The plants love it, so do people who prefer their summers on the cool side.

But for those of us who like our summers hazy, hot and humid, this weather seems out of place, to say the least. Where is the whirring fan, the glass of iced tea with almost all of its ice melted?

About three days away, that’s all. And so, since there is little to do about it, I’ll put on my tennis shoes and raincoat and float away into the day.

Relic

Relic

We used to search for glasses, keys and phone numbers. Now we also search for passwords.  And yesterday my password search took me here, to the most undigital of places, my old Rolodex, where I used to keep a card with those pesky open sesames.

I never found the card, but I did spend a few minutes flipping through the Rolodex. It’s dusty and neglected, poor thing. I haven’t touched it for months, haven’t used it for years. But oh, the memories it holds, the connections it made possible, the worlds it opened up.

There are editors’ phone numbers, the contact information of long-forgotten sources, strings of numbers I once knew as well as my own. Each card tells a story. There’s that infant sleep expert who took to calling me at all hours, including when I was in labor with my first child! There’s a phone number for the Population Reference Bureau, which I just Googled to find a ticking world population clock (7, 718, 240, 013 — I mean 014, 015, 016 …). 

Before we swiped and tapped, we paged through and wore out. Most of these cards are bent and softened from frequent touching, tangible proof that they were used and treasured.

No one I know uses a Rolodex anymore. Now our contacts are scattered on various media, social and personal. Are we more connected now than we were then? The funny thing is, I don’t think we are.

First Draft

First Draft

Thinking of yesterday’s title, “First Walk,” and of the difficulty of pinning down the precise rush of feeling from Sunday’s stroll.

What helped was scribbling a few phrases in my journal as soon as I came in. Those crabbed words led me back to the feelings of that walk.

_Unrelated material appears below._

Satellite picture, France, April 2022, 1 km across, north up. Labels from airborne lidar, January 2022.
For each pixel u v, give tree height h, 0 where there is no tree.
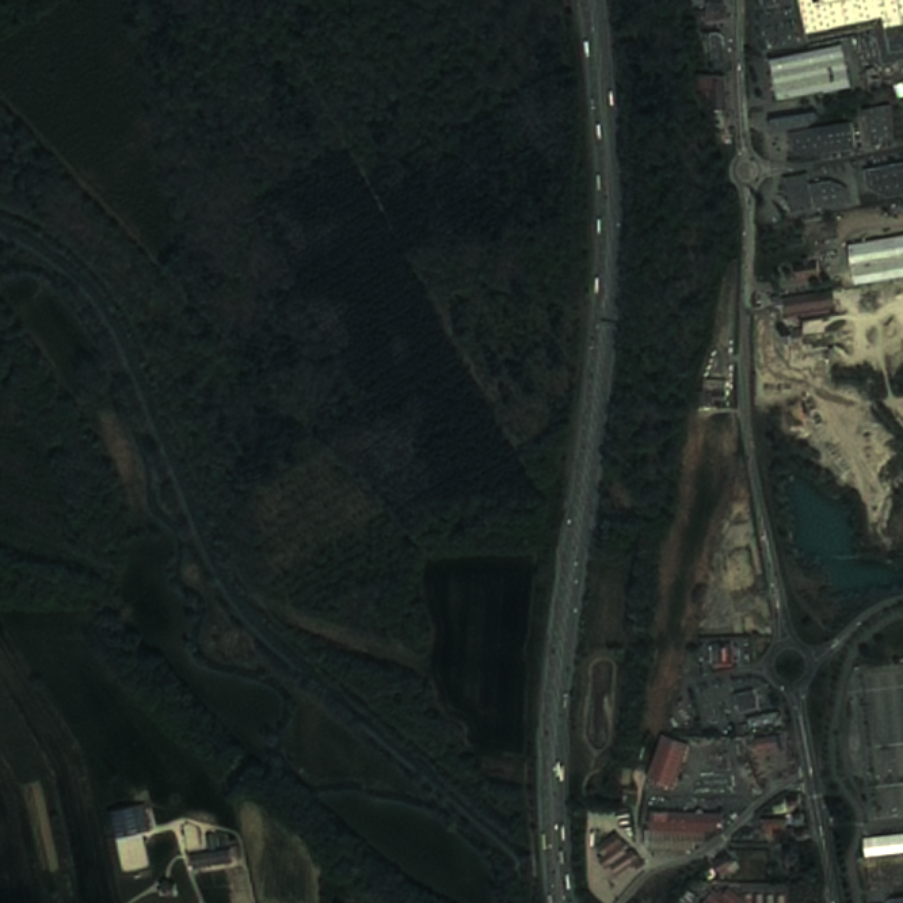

They were the rushed but essential first draft.

It’s the perennial problem, letting the words flow enough in the beginning to get you (more or less) where you want to go. Care too little about the final destination and you’ll muddle yourself from the start. Care too much and you won’t be able to put one syllable in front of the other.

Word processing has made the first draft a rare document indeed. How difficult it is to push forward without using the delete key; to hold in mind the perfect image while valuing the imperfect one that materializes in its place.

In so many ways, a first draft is more precious than the final draft it makes possible: rare, ephemeral, a product of struggle, a product of doubt.

First Walk

First Walk

Yesterday, the walk came first. I strolled out into the morning, the first day of my new year, and felt a sort of awe.

The headphones, they would remain in my hand. There were birds to listen to, morning music free for the taking. There was a bird that seemed to be saying “Judy, Judy, Judy,” a poor imitation of Cary Grant. There were crickets in the woods, chirping as if it were still night.

And then there were sights that made sounds unnecessary: banked clouds that seemed lit from inside, a wind stirring the high oak branches. Most of all there was a hush to the morning, a holding of breath.

I felt a sort of wonder at this new day, at the sheer gift of existence, of being alive. Beyond people and expectations. Part of the natural world for which we surely were made.